# Who's supposed to install the whip??



## Mike.GCOC (Mar 3, 2007)

Normally, I do both my own electric and HVAC on my jobsites, but on this one job there was already an HVAC contractor hired- okay, no problem. So, I bring out the electric on a split system to both inside and outside units and end off with the disconnect boxes close by where the units will be located and go on about my business. After, the HVAC is "completed" the contractor tells me to have the electrician come back out and install the whips. HUH?- don't HVAC contractors do their own whips? It was no big deal for me to put them on, but I was just wondering.


----------



## mickeyco (May 13, 2006)

If you're in an area that requires an electrician's license I would say an electrician is required unless the HVAC Tech has an electrician's license. Having just run in to this problem myself, the HVAC guy did it, I had to redo it, I'd prefer an electrician do it. If there are no license issues then I guess it's between the two parties to decide. I would think this would be decided long before hand and include in the quote.


----------



## FemaleAstarCO (Jan 25, 2007)

Hi in the 6 counties I hold Licenses in Colorado we (HVAC) are not allowed to touch any of the electrical except to connect the whip.
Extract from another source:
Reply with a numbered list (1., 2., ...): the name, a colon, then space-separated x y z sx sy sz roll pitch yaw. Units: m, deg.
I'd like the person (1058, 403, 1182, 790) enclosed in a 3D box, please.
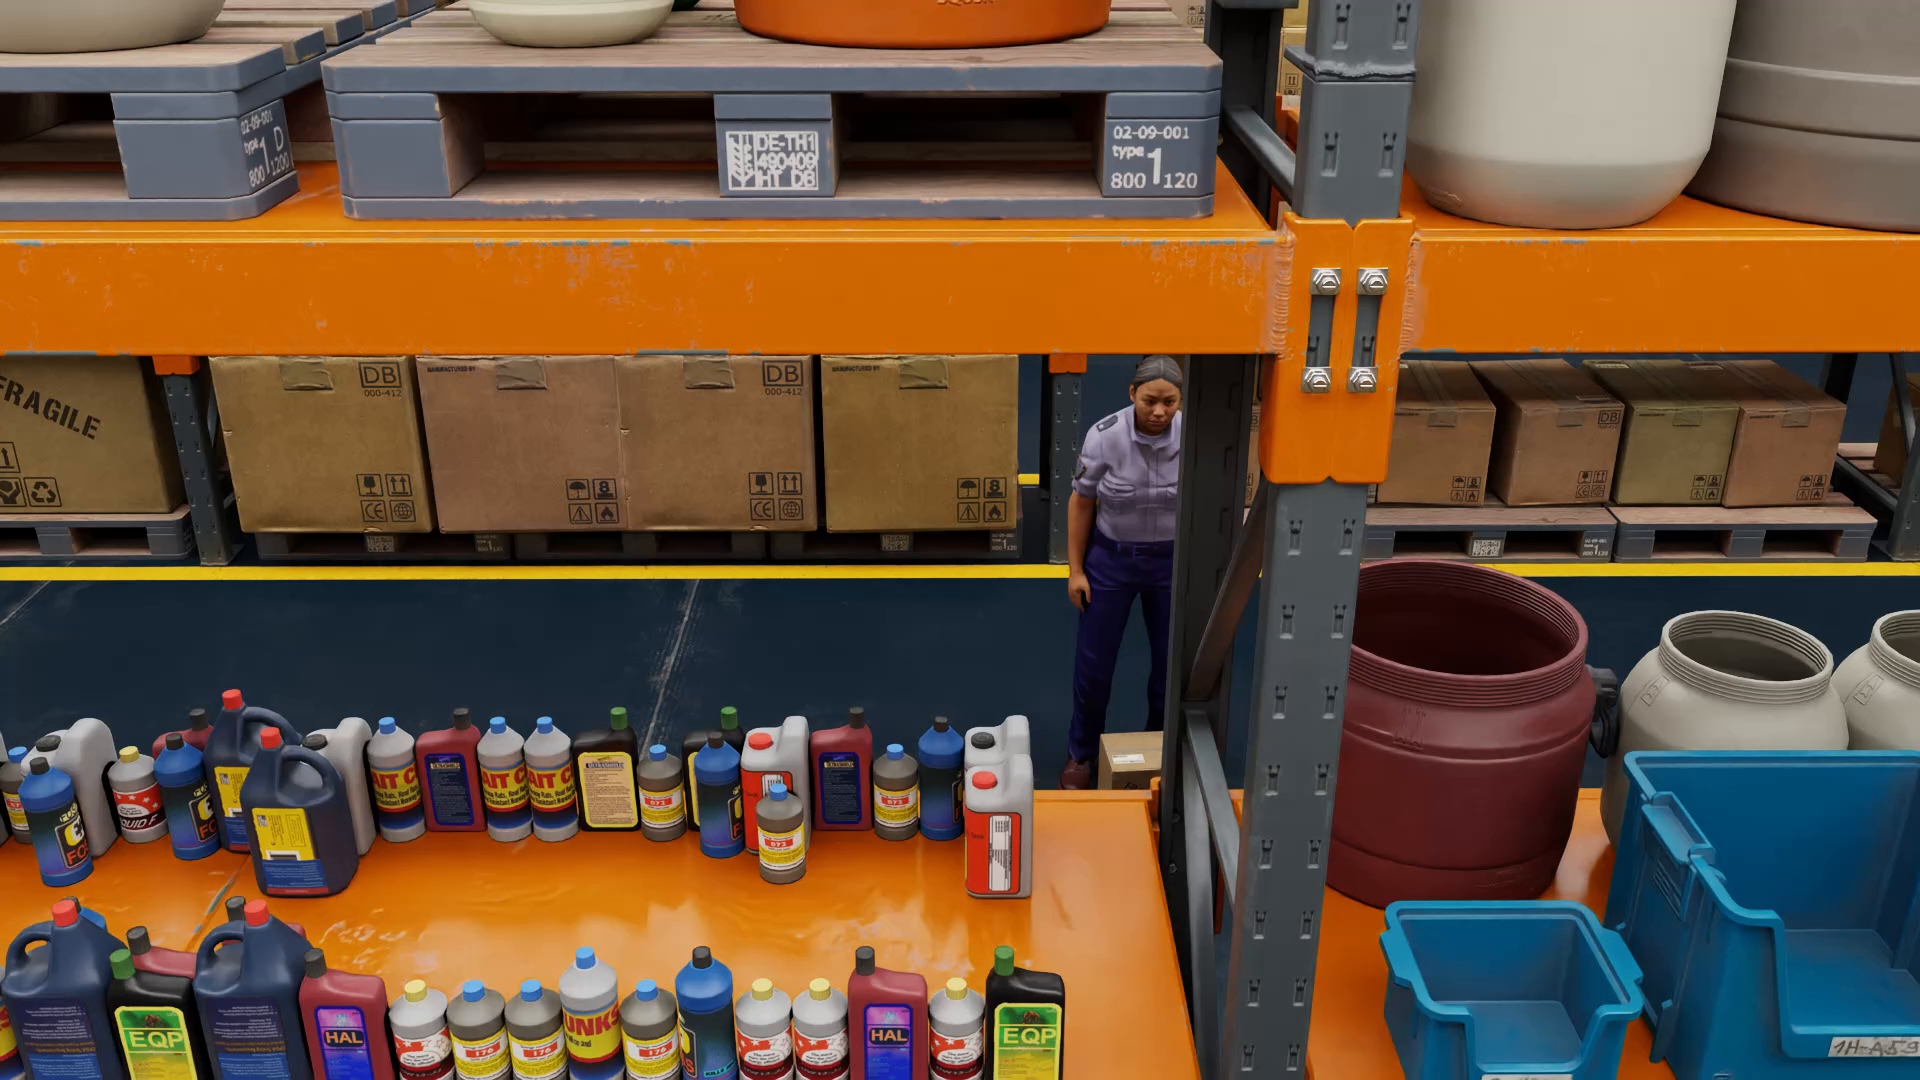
1. person: 0.624 0.201 5.883 0.530 1.473 0.369 0 24 0

It used to different but I guess they changed it. Too many fried HVAC people


----------



## mdshunk (Mar 13, 2005)

In the jurisdictions where I operate where electricians are licensed, there is no exception that would permit an unlicensed person to do the final termination of equipment. This is normally overlooked, and I understand why that happens. I'm certainly not going to rush right over someplace to hook up a whip just because the HVAC guy finished up and wants to test his equipment. That said, I have seen some excellent final terminations by HVAC people, and some really bad one's. I generally try to look them over, if I remember.


----------



## Mike.GCOC (Mar 3, 2007)

I seem to recall something in the Calif. license exam about "incidental work" where trades can do minor work in other trades where they cross-over. For example: an electrician can do drywall patching where he needs to (not that he wants to) etc. Also, when I go to the HVAC wholesale house I see a variety of whips on display, I guess I just assumed HVAC would want to run the system, check the pressures, get paid and get out and not have to come back later.


----------



## thom (Nov 3, 2006)

On my work I always do the whip (I'm the electrician). The HVAC guys provide and install the thermostat, including connections. The whip for the compressor and the pigtail for the furnace are mine. Sometimes the HVAC guys run the t-stat wire, sometimes not. They are in and out first on the rough so if they didn't do it, I do.


----------



## hf05 (Mar 14, 2006)

hi thom.sounds like u do alot of new contruction.on those sites everybody wants to do as least as possible.i would say the hvac guy is responsible to start up that unit .start to finish.i live in toronto and any cooling job u get when u leave the customer has cooling.having said that u do require a 40$ permit to hook up the 220v,providing u have the proper certs.


----------



## Buckeyetech (Mar 24, 2007)

Depends on the state. In Ohio, the installers can do it.

Buckeyetech


----------



## AIRON (Apr 9, 2007)

Electrician first. and disconnect has to be within 6 feet of unit

Qualified tech in many places can run power from the disconnect within 6 feet. Local codes win.


----------